# Task to carry out
Repeat verbatim, and only, the lines of the data below, beginning at the line that contains "Answer: 2 What" and stopping after the line that contains "Answer: Short-term Successes, Potential".
- Opening Delimiter -
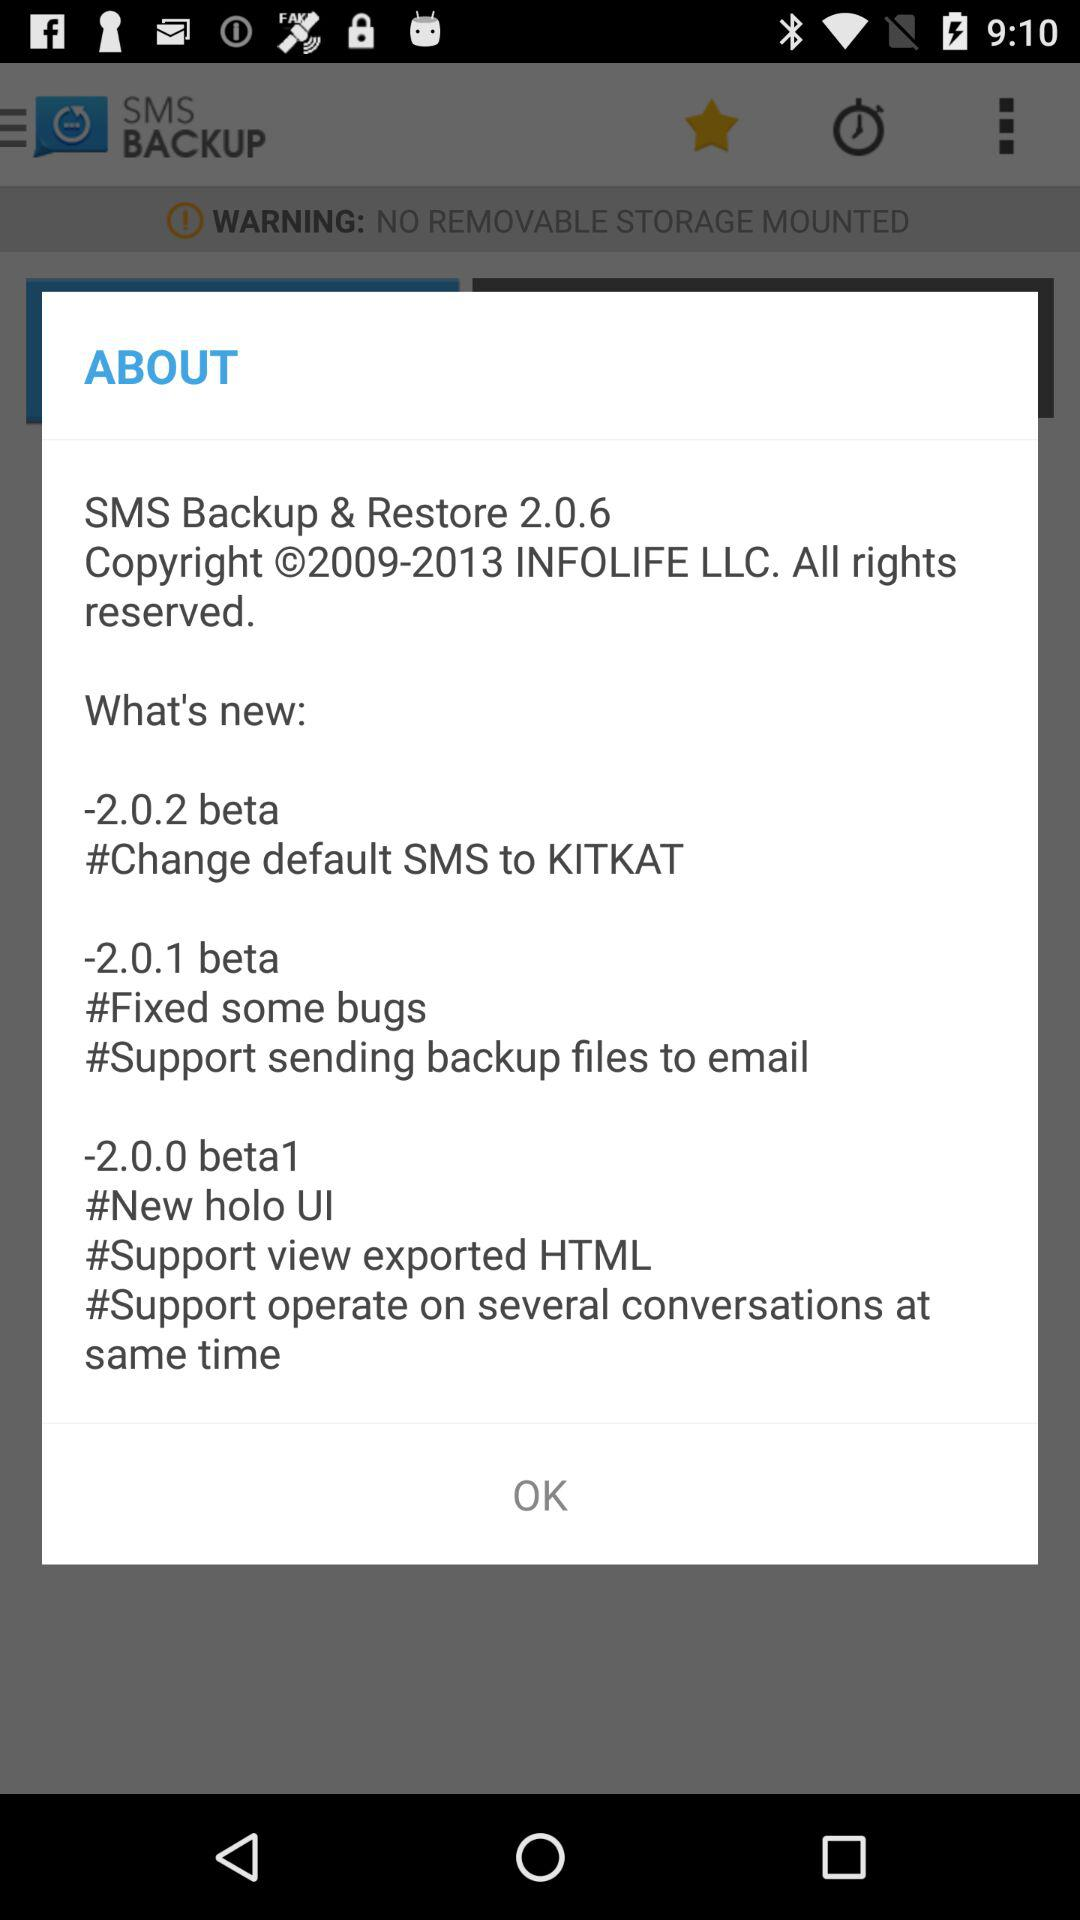What's new in 2.0.6 version?
When the provided information is insufficient, respond with <no answer>. <no answer> 
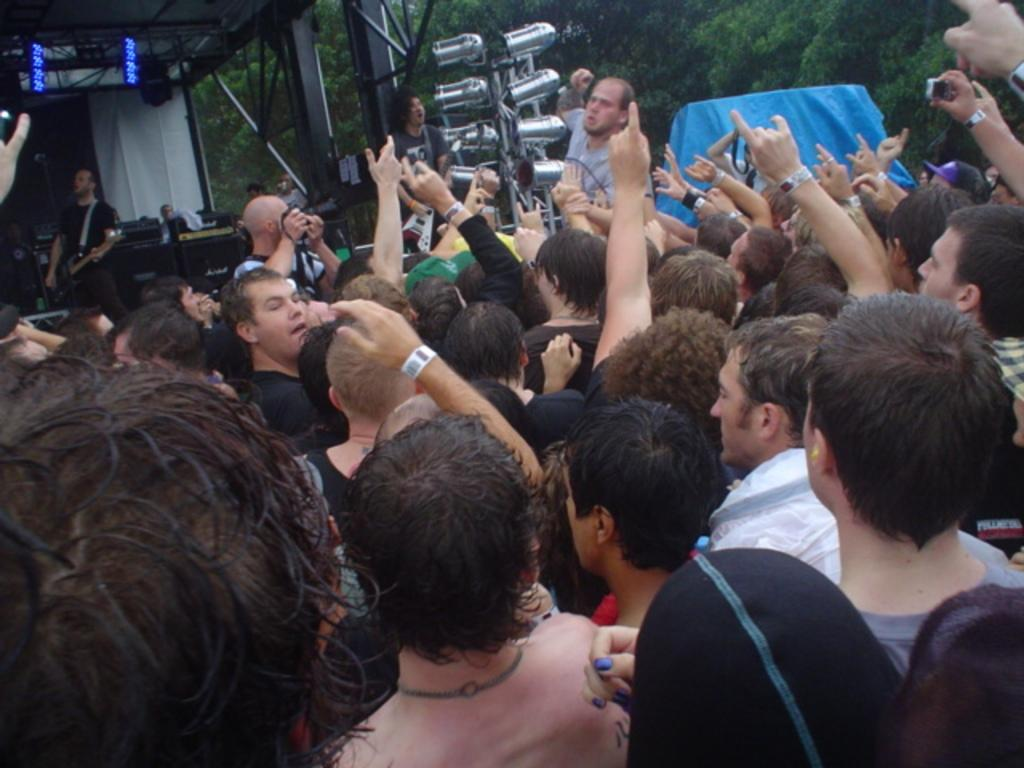What is happening in the image? There is a group of people standing in the image. Can you describe the shelter in the image? There is a shelter with iron rods in the top left side of the image. What can be seen in the background of the image? There are trees and a blue tarpaulin in the background of the image. What type of interest does the carpenter have in the design of the shelter? There is no carpenter present in the image, nor is there any information about the design of the shelter. 
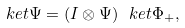Convert formula to latex. <formula><loc_0><loc_0><loc_500><loc_500>\ k e t { \Psi } = ( I \otimes \Psi ) \ k e t { \Phi _ { + } } ,</formula> 
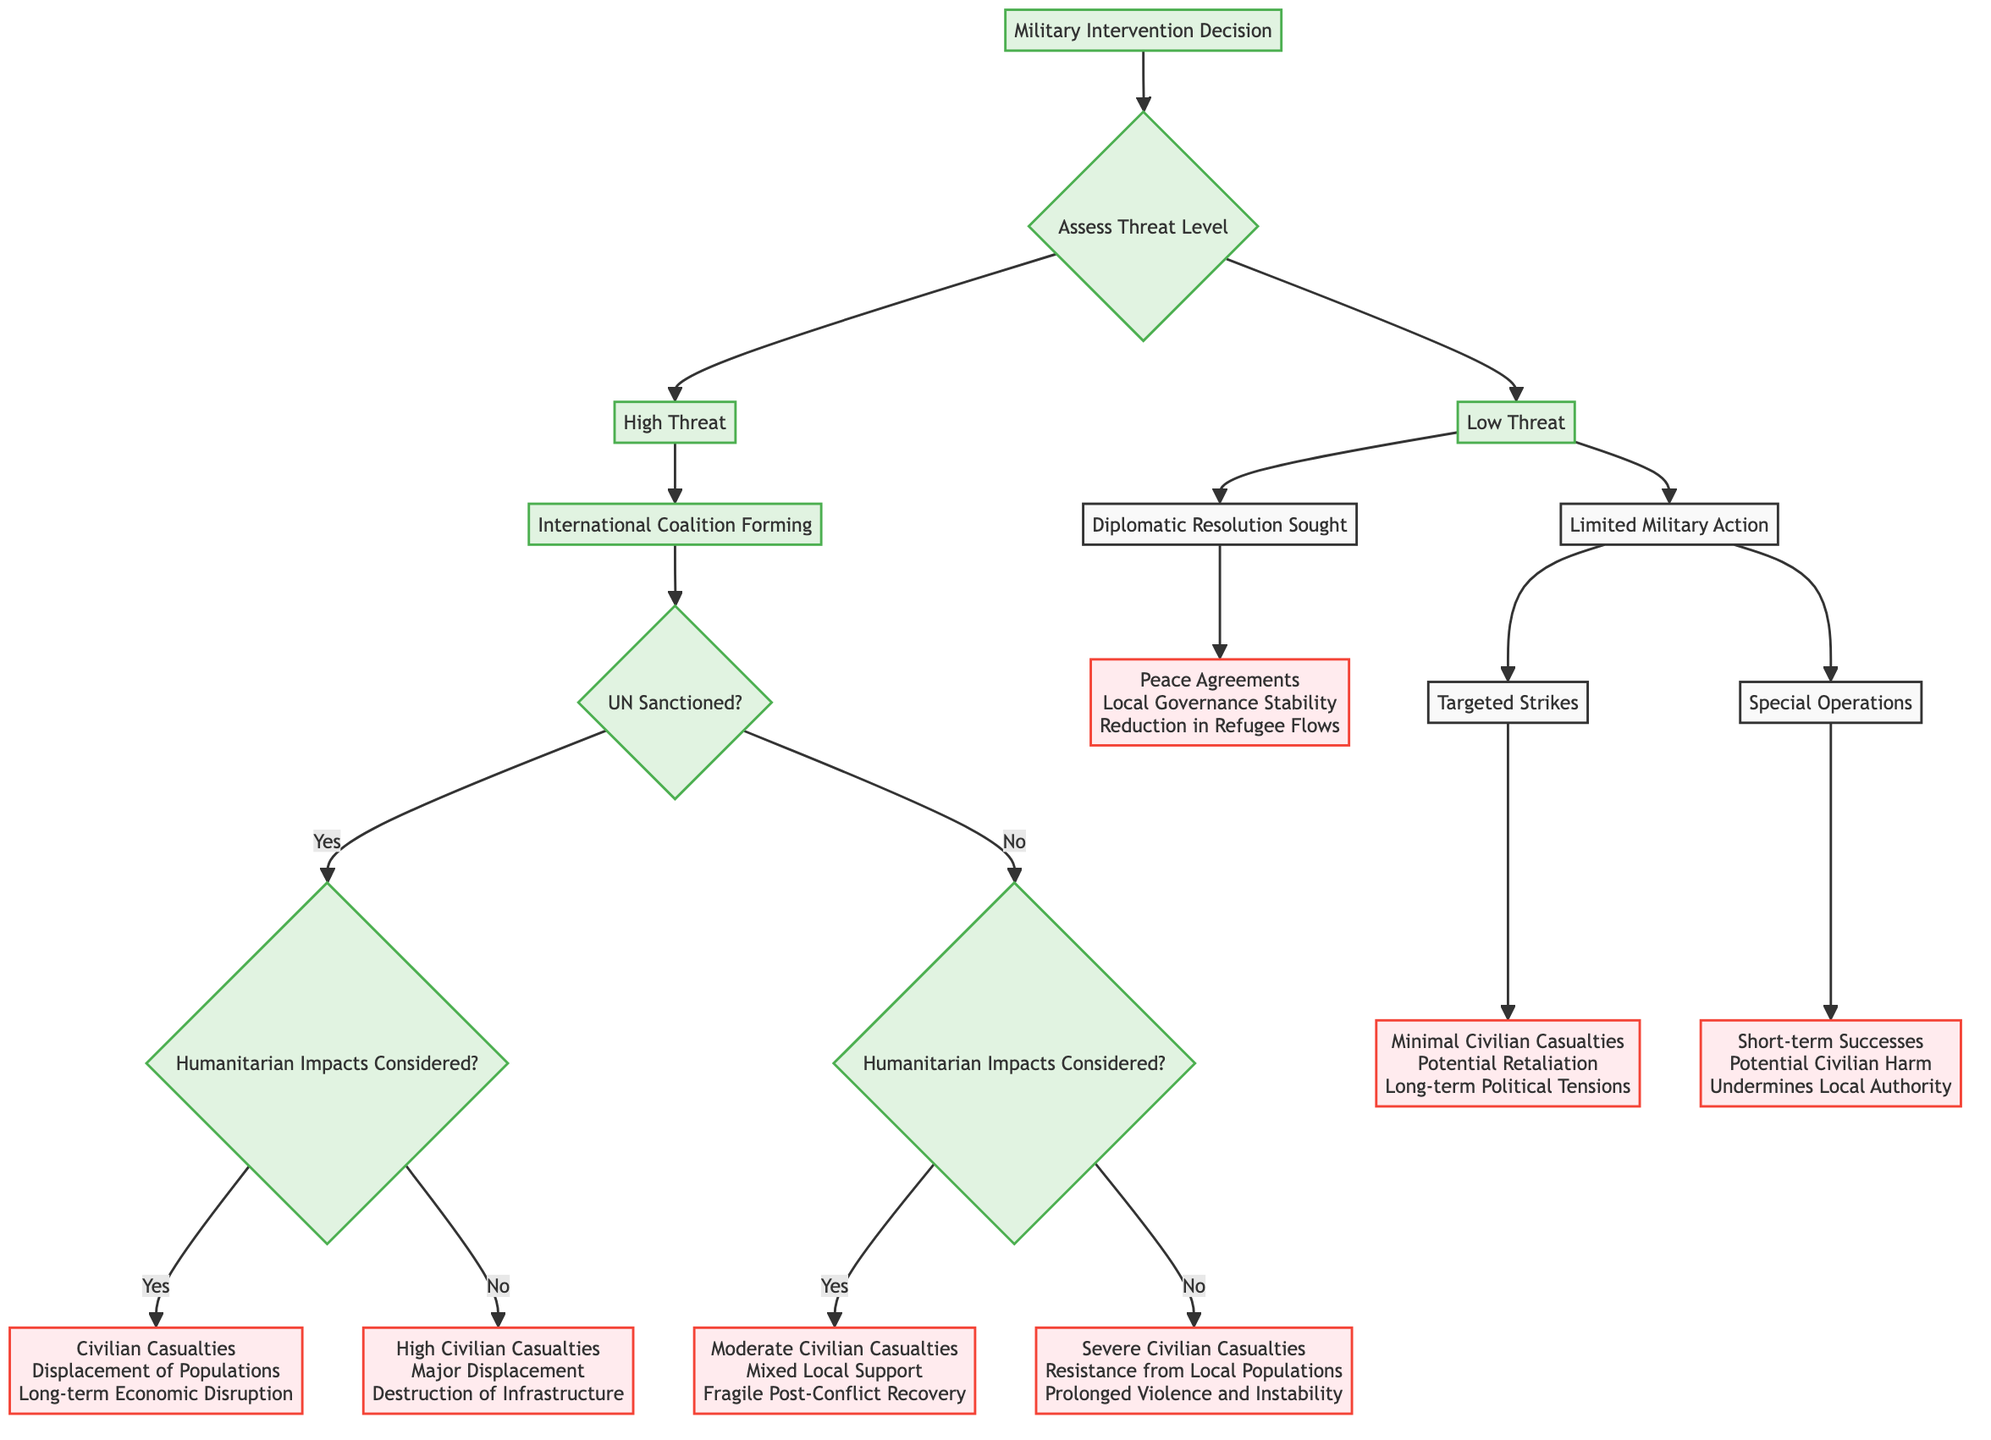What is the root node of the decision tree? The root node represents the starting point of the decision-making process regarding military intervention, which is "Military Intervention Decision."
Answer: Military Intervention Decision How many children does the "Assess Threat Level" node have? The "Assess Threat Level" node has two children: "High Threat" and "Low Threat."
Answer: 2 What consequences are listed under "Humanitarian Impacts Not Considered" for a UN sanctioned intervention? The consequences listed are "High Civilian Casualties," "Major Displacement," and "Destruction of Infrastructure."
Answer: High Civilian Casualties, Major Displacement, Destruction of Infrastructure Which node results in "Peace Agreements"? The outcome "Peace Agreements" is associated with the node "Diplomatic Resolution Sought" under the "Low Threat" category.
Answer: Peace Agreements If the threat level is low and limited military action is taken, what are two potential outcomes? The outcomes are "Minimal Civilian Casualties" and "Potential Retaliation," which are consequences of the "Targeted Strikes" node under "Limited Military Action."
Answer: Minimal Civilian Casualties, Potential Retaliation What happens if an intervention is classified as "High Threat" with no humanitarian impacts considered? The consequences will include "Severe Civilian Casualties," "Resistance from Local Populations," and "Prolonged Violence and Instability."
Answer: Severe Civilian Casualties, Resistance from Local Populations, Prolonged Violence and Instability In the case of a "Limited Military Action" categorized as "Special Operations," what are the consequences? The consequences listed for this action include "Short-term Successes," "Potential Civilian Harm," and "Undermines Local Authority."
Answer: Short-term Successes, Potential Civilian Harm, Undermines Local Authority What does the presence of an international coalition forming under "High Threat" signify? An international coalition forming under "High Threat" indicates a collective effort to intervene, leading to decisions on sanctions and considerations of humanitarian impacts that will shape the intervention.
Answer: International Coalition Forming What is the consequence of a "Diplomatic Resolution Sought" in terms of local governance? The result is "Local Governance Stability," indicating that diplomatic efforts contribute positively to the stability of governance in the region.
Answer: Local Governance Stability
- Closing Delimiter -
# Response box
Answer: 2 What consequences are listed under "Humanitarian Impacts Not Considered" for a UN sanctioned intervention? The consequences listed are "High Civilian Casualties," "Major Displacement," and "Destruction of Infrastructure."
Answer: High Civilian Casualties, Major Displacement, Destruction of Infrastructure Which node results in "Peace Agreements"? The outcome "Peace Agreements" is associated with the node "Diplomatic Resolution Sought" under the "Low Threat" category.
Answer: Peace Agreements If the threat level is low and limited military action is taken, what are two potential outcomes? The outcomes are "Minimal Civilian Casualties" and "Potential Retaliation," which are consequences of the "Targeted Strikes" node under "Limited Military Action."
Answer: Minimal Civilian Casualties, Potential Retaliation What happens if an intervention is classified as "High Threat" with no humanitarian impacts considered? The consequences will include "Severe Civilian Casualties," "Resistance from Local Populations," and "Prolonged Violence and Instability."
Answer: Severe Civilian Casualties, Resistance from Local Populations, Prolonged Violence and Instability In the case of a "Limited Military Action" categorized as "Special Operations," what are the consequences? The consequences listed for this action include "Short-term Successes," "Potential Civilian Harm," and "Undermines Local Authority."
Answer: Short-term Successes, Potential Civilian Harm, Undermines Local Authority What does the presence of an international coalition forming under "High Threat" signify? An international coalition forming under "High Threat" indicates a collective effort to intervene, leading to decisions on sanctions and considerations of humanitarian impacts that will shape the intervention.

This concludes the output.